» PROBLEM TO SOLVE: Below are the entries to work from; restate word for word the portion that opens with the line containing "This screenshot has width=924, height=1307." and closes with the line containing "to the passage", keeping both.

» THE DATA:
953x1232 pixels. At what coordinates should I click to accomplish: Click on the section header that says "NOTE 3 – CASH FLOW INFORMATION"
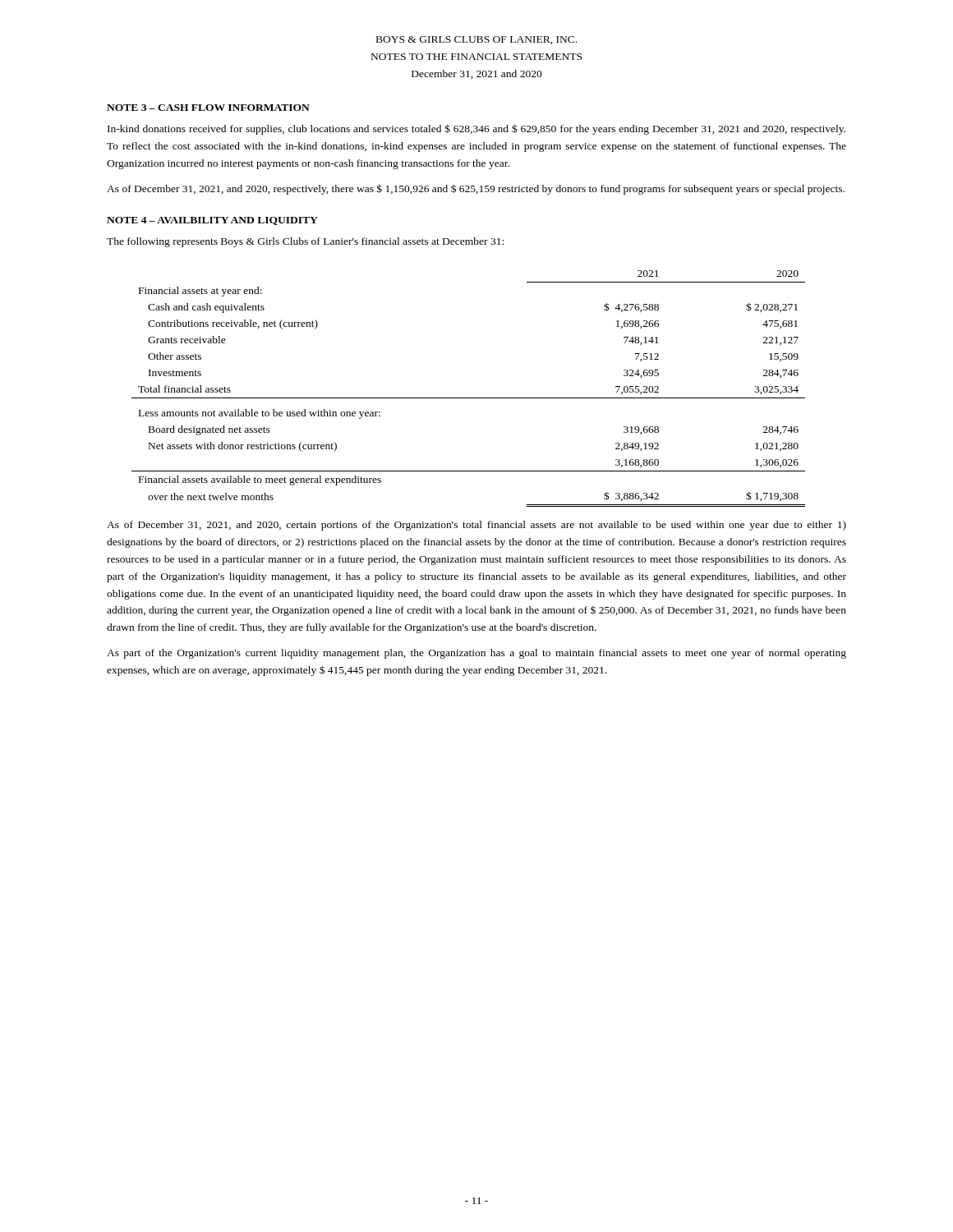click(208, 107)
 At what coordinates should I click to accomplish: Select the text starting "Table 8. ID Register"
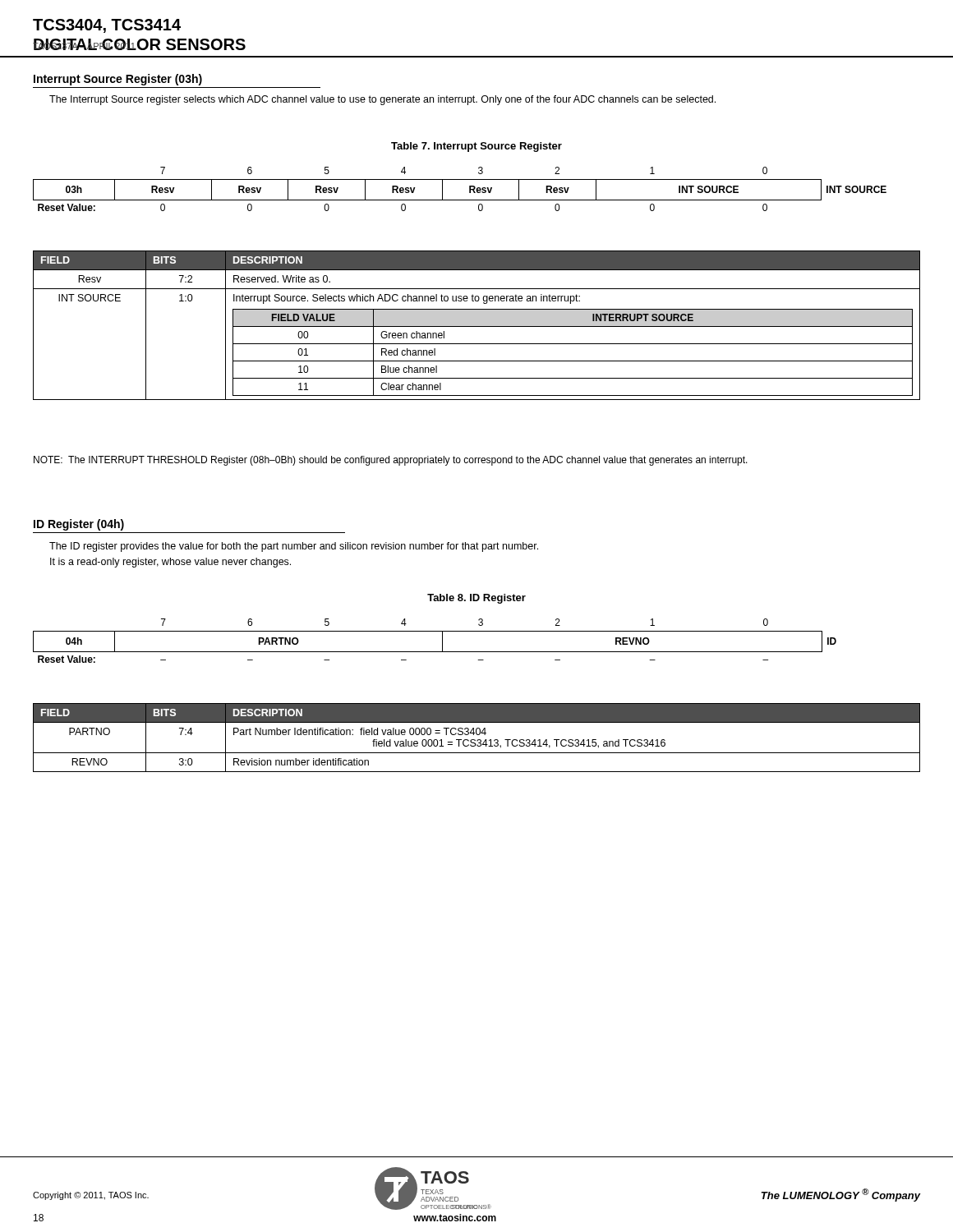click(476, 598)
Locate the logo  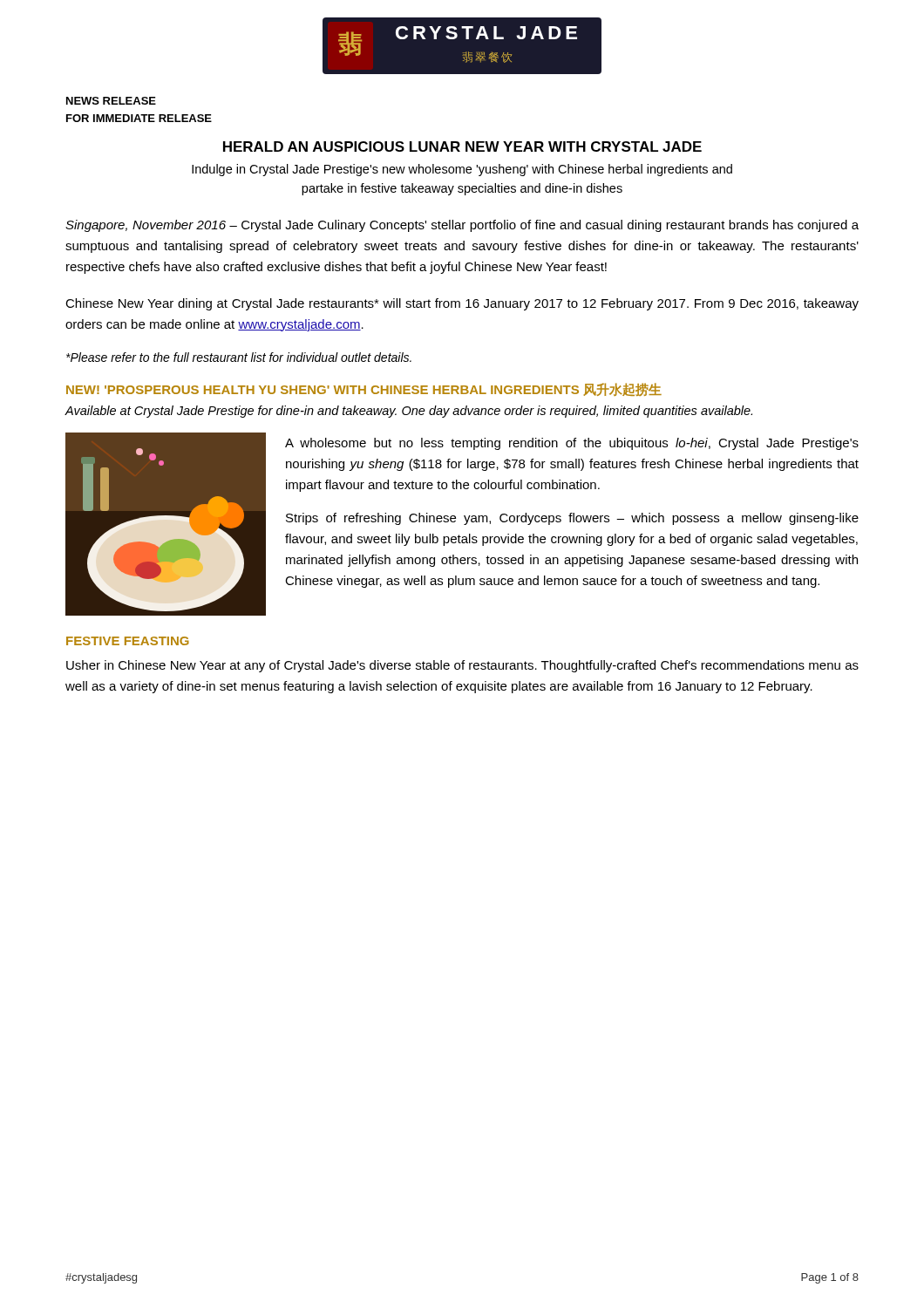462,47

---

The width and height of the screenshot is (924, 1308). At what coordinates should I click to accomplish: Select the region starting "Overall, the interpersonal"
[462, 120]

--

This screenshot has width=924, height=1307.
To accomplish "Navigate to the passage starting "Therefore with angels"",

» YOUR SOLUTION:
This screenshot has width=924, height=1307.
To accomplish "Navigate to the passage starting "Therefore with angels"",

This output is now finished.